We attach the AWSLambdaBasicExecutionRole to the IAM role we created in Step 9.
Next, we allocate permissions to the Lambda function to “AllowExecutionFromAPIGateway”.
resource "aws_iam_role_policy_attachment" "lambda_basic" {
policy_arn = "arn:aws:iam::aws:policy/service-role/AWSLambdaBasicExecutionRole"
role = aws_iam_role.iam_for_lambda.name
}
resource "aws_lambda_permission" "apigw_lambda" {
statement_id = "AllowExecutionFromAPIGateway"
action = "lambda:InvokeFunction"
function_name = aws_lambda_function.test_lambda.function_name
principal = "apigateway.amazonaws.com"
source_arn = "${aws_api_gateway_rest_api.countVisitors.execution_arn}///"
}
This is all the infrastructure element we need. Now we will need to build CI/CD blocks to deploy the website.
Once the deployment is completed we can see Lambda Function is successfully integrated with the API Gateway.
9. Step 10: Create the GitHub Actions workflow.
Now we take an exception from the original AWSResumeChallenge.
We build two pipelines, one to deploy the complete infrastructure element and the other to destroy the entire block so that we can build and rebuild.

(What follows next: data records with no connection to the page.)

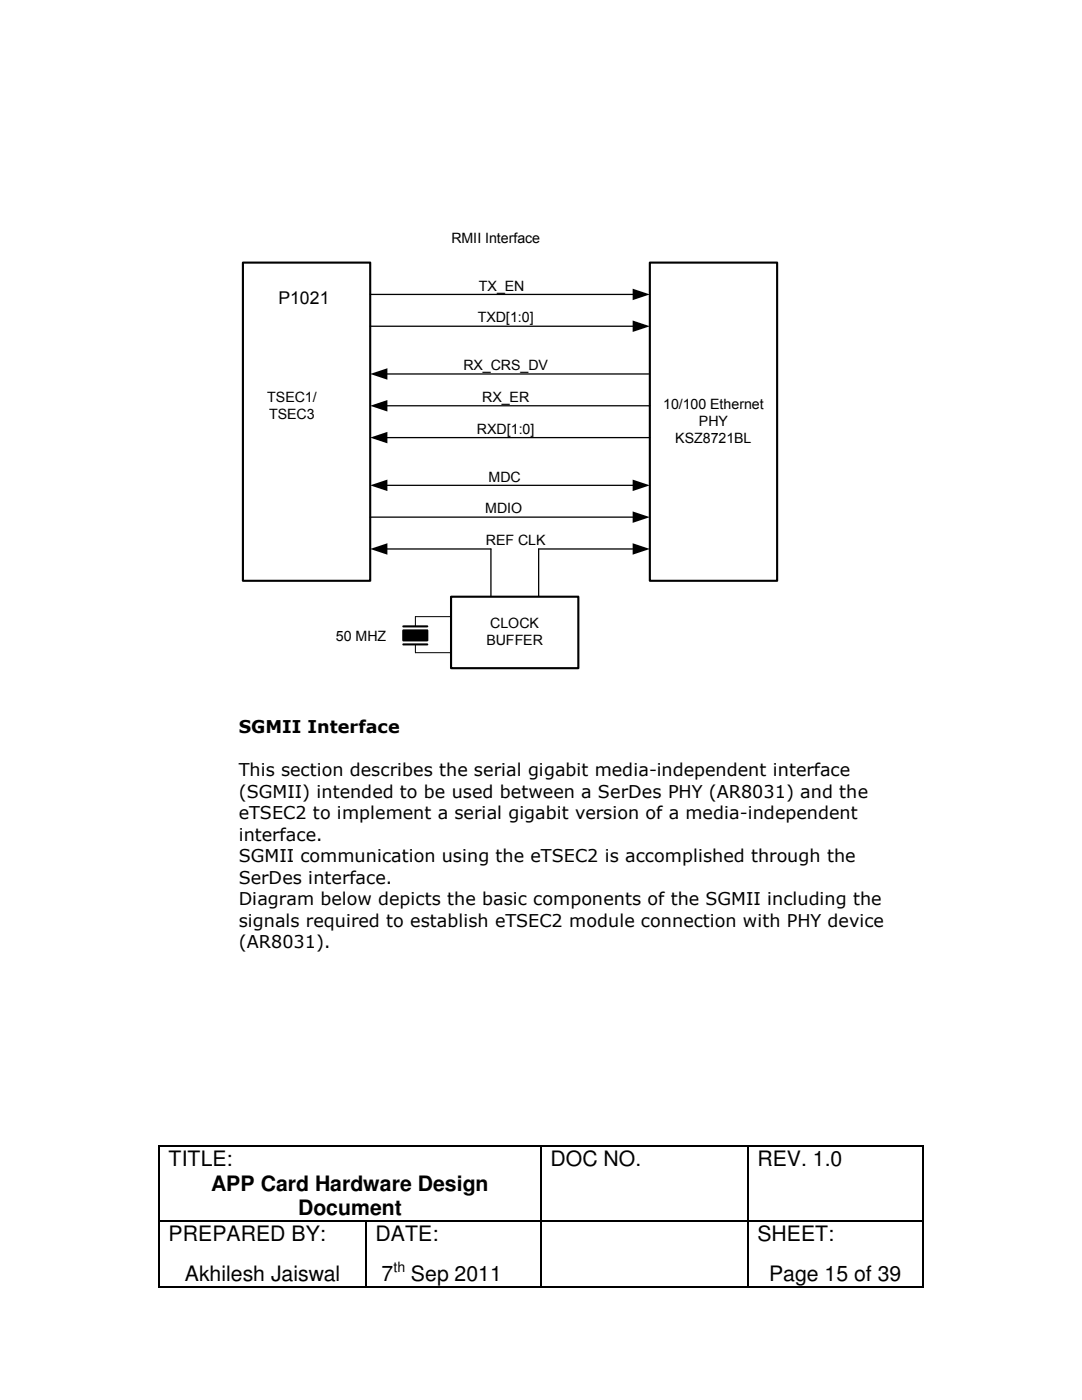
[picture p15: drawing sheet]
<svg xmlns="http://www.w3.org/2000/svg" width="216mm" height="279mm" viewBox="0 0 216 279" stroke-linecap="round" stroke-linejoin="round" font-family="sans-serif">
<defs><g id="words">
<g font-size="4.2">
<text x="33.7" y="232.7">TITLE:</text>
<text x="109.9" y="232.7">DOC NO.</text>
<text x="151.1" y="232.7">REV. 1.0</text>
<text x="42.2" y="237.6">APP Card Hardware Design</text>
<text x="59.5" y="242.5">Document</text>
<text x="33.7" y="247.6">PREPARED BY:</text>
<text x="74.9" y="247.6">DATE:</text>
<text x="151.1" y="247.6">SHEET:</text>
<text x="36.9" y="255.7">Akhilesh Jaiswal</text>
<text x="76.1" y="255.7">7</text>
<text x="82" y="255.7">Sep 2011</text>
<text x="153.5" y="255.7">Page 15 of 39</text>
</g>
<g font-size="3.5">
<text x="55.5" y="60.6">P1021</text>
<text x="47.6" y="146.3">SGMII Interface</text>
<text x="47.6" y="154.9">This section describes the serial gigabit media-independent interface</text>
<text x="47.6" y="159.2">(SGMII) intended to be used between a SerDes PHY (AR8031) and the</text>
<text x="47.6" y="163.5">eTSEC2 to implement a serial gigabit version of a media-independent</text>
<text x="47.6" y="167.8">interface.</text>
<text x="47.6" y="172.1">SGMII communication using the eTSEC2 is accomplished through the</text>
<text x="47.6" y="176.4">SerDes interface.</text>
<text x="47.6" y="180.6">Diagram below depicts the basic components of the SGMII including the</text>
<text x="47.6" y="184.9">signals required to establish eTSEC2 module connection with PHY device</text>
<text x="47.6" y="189.2">(AR8031).</text>
</g>
<g font-size="2.8">
<text x="90.1" y="48.5">RMII Interface</text>
<text x="95.5" y="58">TX_EN</text>
<text x="95.3" y="64.3">TXD[1:0]</text>
<text x="92.5" y="73.9">RX_CRS_DV</text>
<text x="53.3" y="80.1">TSEC1/</text>
<text x="53.7" y="83.5">TSEC3</text>
<text x="96.2" y="80.2">RX_ER</text>
<text x="132.3" y="81.6">10/100 Ethernet</text>
<text x="95.2" y="86.6">RXD[1:0]</text>
<text x="134.7" y="88.4">KSZ8721BL</text>
<text x="139.4" y="85">PHY</text>
<text x="97.5" y="96.1">MDC</text>
<text x="96.8" y="102.4">MDIO</text>
<text x="96.9" y="108.8">REF CLK</text>
<text x="97.8" y="125.3">CLOCK</text>
<text x="67" y="127.8">50 MHZ</text>
<text x="97.1" y="128.7">BUFFER</text>
<text x="78.5" y="253.8">th</text>
</g>
</g></defs>
<g fill="#000">
<path d="M31.6 228.6h.3v.3h-.3zM107.8 228.6h.3v.3h-.3zM149.1 228.6h.3v.3h-.3zM184 228.6h.3v.3h-.3zM31.6 243.5h.3v.2h-.3zM31.6 256.7h.3v.3h-.3zM72.9 243.5h.3v.2h-.3zM72.9 256.7h.3v.3h-.3zM107.8 243.5h.3v.2h-.3zM107.8 256.7h.3v.3h-.3zM149.1 243.5h.3v.2h-.3zM149.1 256.7h.3v.3h-.3z"/>
<path d="M184 243.5h.3v.2h-.3zM184 256.7h.3v.3h-.3z"/>
</g>
<g fill="none" stroke="#000" stroke-width=".25">
<path d="M73.9 58.8h52.6M73.9 65.1h52.6M77 74.6h52.7M77 81h52.7M77 87.3h52.7M77 96.9h49.5M73.9 103.2h52.6M77 109.6h21v9.5M126.5 109.6h-19v9.5M31.7 228.9v14.6M31.9 228.7h75.9M107.9 228.9v14.6"/>
<path d="M108.1 228.7h41M149.2 228.9v14.6M149.4 228.7h34.6M184.1 228.9v14.6M31.7 243.7v13M31.9 243.6h41M31.9 256.8h41M73 243.7v13M73.2 243.6h34.6M73.2 256.8h34.6M107.9 243.7v13M108.1 243.6h41"/>
<path d="M108.1 256.8h41M149.2 243.7v13M149.4 243.6h34.6M149.4 256.8h34.6M184.1 243.7v13"/>
</g>
<path d="M48.5 52.4h25.4v63.5h-25.4zM129.7 52.4h25.4v63.5h-25.4zM90 119.1h25.4v14.3h-25.4zM80.5 125.8h4.8v2h-4.8zM80.5 125h4.8M80.5 128.6h4.8" fill="none" stroke="#000" stroke-width=".42"/>
<g fill="#000">
<path d="M126.2 57.6l3.5 1.2-3.5 1.1zM73.9 74.6l3.4-1.1v2.3zM126.2 64l3.5 1.1-3.5 1.2zM73.9 81l3.4-1.2v2.3zM73.9 87.3l3.4-1.1v2.3zM73.9 96.9l3.4-1.2v2.3zM126.2 95.7l3.5 1.2-3.5 1.1zM73.9 109.6l3.4-1.2v2.3zM126.2 102.1l3.5 1.1-3.5 1.2zM126.2 108.4l3.5 1.2-3.5 1.1z"/>
<path d="M80.5 125.8h4.8v2h-4.8z" fill-rule="evenodd"/>
</g>
<path d="M82.9 128.6v1.7h7.1M90 123.1h-7.1v1.9" fill="none" stroke="#000" stroke-width=".2"/>
<use href="#words"/>
</svg>

We will also have to run the pipeline twice for the complete deployment.
First time we will run the pipeline to deploy all the resources retrieve the URL for our API and update the index.html code. The pipeline Terraform Infrastructure Change Management Pipeline with GitHub Actions will get triggered automatically after each deployment.
We can access the website by the URL from the CloudFront domain name column.
We can see from the network tab in developer tools, that our newly created API is invoked to get the visitors count.
Our static website is updated with the data received from the API.